• _ENTRIES SHOWN_:
****************

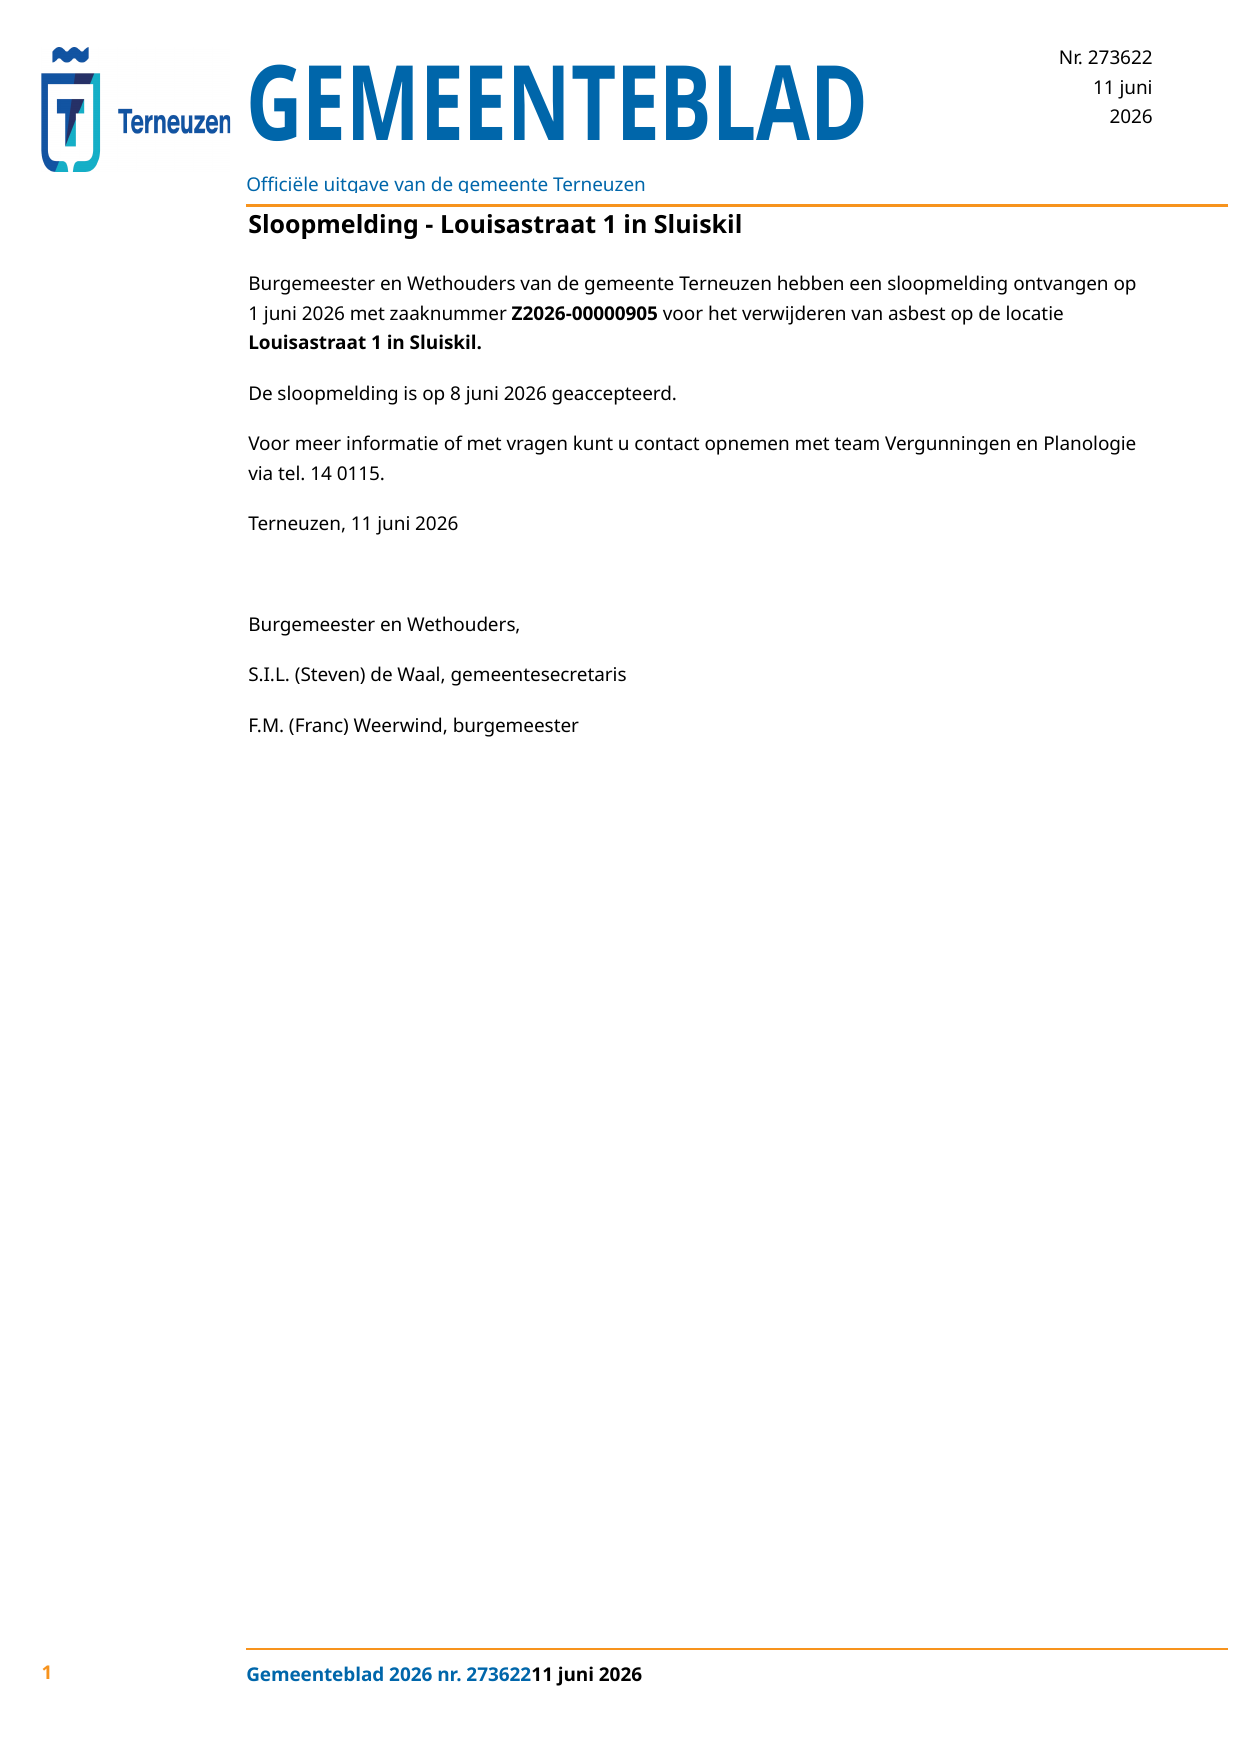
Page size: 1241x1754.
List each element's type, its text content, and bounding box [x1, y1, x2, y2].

text Burgemeester en Wethouders, [248, 611, 1152, 637]
text Sloopmelding - Louisastraat 1 in Sluiskil [248, 207, 1152, 241]
text De sloopmelding is op 8 juni 2026 geaccepteerd. [248, 380, 1152, 406]
text S.I.L. (Steven) de Waal, gemeentesecretaris [248, 662, 1152, 687]
text Voor meer informatie of met vragen kunt u contact opnemen met team Vergunningen en Planologie via tel. 14 0115. [248, 430, 1152, 486]
picture [41, 47, 231, 172]
text F.M. (Franc) Weerwind, burgemeester [248, 712, 1152, 738]
text Burgemeester en Wethouders van de gemeente Terneuzen hebben een sloopmelding ontvangen op 1 juni 2026 met zaaknummer Z2026-00000905 voor het verwijderen van asbest op de locatie Louisastraat 1 in Sluiskil. [248, 270, 1152, 355]
text Terneuzen, 11 juni 2026 [248, 510, 1152, 536]

****************

• _ABOUT THIS EXERCISE_:
All lines from the one with "picture [41, 47, 231, 172]" through the end of the material above are to be printed exactly, and only those.

• _RESPONSE_:
picture [41, 47, 231, 172]
text F.M. (Franc) Weerwind, burgemeester [248, 712, 1152, 738]
text Burgemeester en Wethouders van de gemeente Terneuzen hebben een sloopmelding ontvangen op 1 juni 2026 met zaaknummer Z2026-00000905 voor het verwijderen van asbest op de locatie Louisastraat 1 in Sluiskil. [248, 270, 1152, 355]
text Terneuzen, 11 juni 2026 [248, 510, 1152, 536]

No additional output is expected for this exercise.